> Exercise brief:
What are the lines from the one containing "#7 rack guard (1197,378,1297,468)" through the last line of the records below? Return them exactly, leaving out pictures.

_____

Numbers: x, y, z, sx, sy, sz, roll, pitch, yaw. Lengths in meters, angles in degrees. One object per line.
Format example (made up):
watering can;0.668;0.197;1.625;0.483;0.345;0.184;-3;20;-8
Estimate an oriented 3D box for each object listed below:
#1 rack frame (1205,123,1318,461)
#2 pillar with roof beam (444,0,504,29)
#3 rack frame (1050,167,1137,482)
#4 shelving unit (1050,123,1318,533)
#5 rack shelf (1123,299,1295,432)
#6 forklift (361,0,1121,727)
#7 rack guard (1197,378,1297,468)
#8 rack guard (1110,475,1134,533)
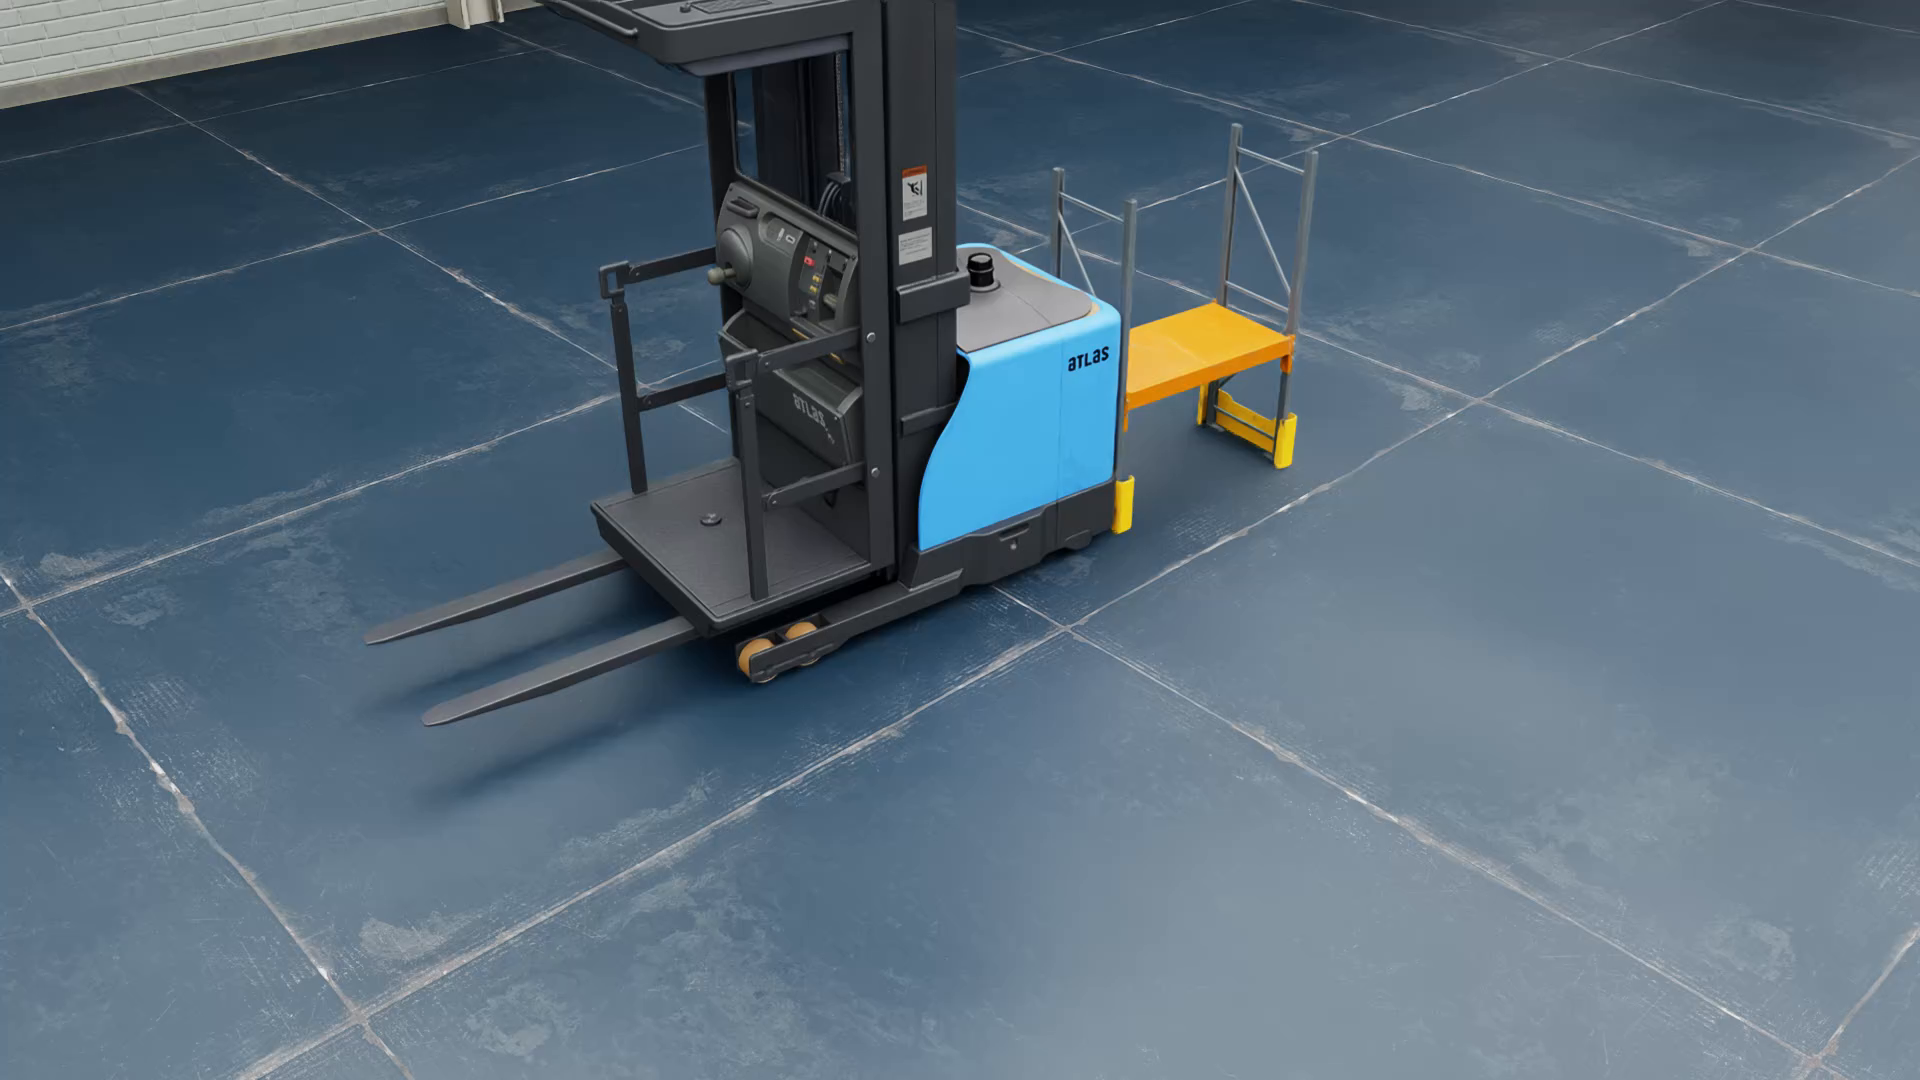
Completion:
rack frame;1.366;-1.109;7.626;0.032;1.500;0.500;-21;37;-30
pillar with roof beam;-1.373;-6.797;9.739;0.400;9.000;9.100;-26;40;-35
rack frame;0.542;-0.798;7.118;0.032;1.500;0.500;-21;37;-30
shelving unit;0.961;-0.956;7.376;1.083;1.500;0.587;-21;37;-30
rack shelf;0.954;-0.800;7.466;1.000;0.185;0.538;-21;37;-30
forklift;-0.823;-1.018;6.105;3.031;2.935;1.130;-21;37;-30
rack guard;1.365;-0.575;7.951;0.087;0.250;0.587;-21;37;-30
rack guard;0.558;-0.271;7.453;0.087;0.250;0.587;-21;37;-30

_____

> Solution to this problem:
#7 rack guard (1197,378,1297,468)
#8 rack guard (1110,475,1134,533)
Completion:
rack frame;1.366;-1.109;7.626;0.032;1.500;0.500;-21;37;-30
pillar with roof beam;-1.373;-6.797;9.739;0.400;9.000;9.100;-26;40;-35
rack frame;0.542;-0.798;7.118;0.032;1.500;0.500;-21;37;-30
shelving unit;0.961;-0.956;7.376;1.083;1.500;0.587;-21;37;-30
rack shelf;0.954;-0.800;7.466;1.000;0.185;0.538;-21;37;-30
forklift;-0.823;-1.018;6.105;3.031;2.935;1.130;-21;37;-30
rack guard;1.365;-0.575;7.951;0.087;0.250;0.587;-21;37;-30
rack guard;0.558;-0.271;7.453;0.087;0.250;0.587;-21;37;-30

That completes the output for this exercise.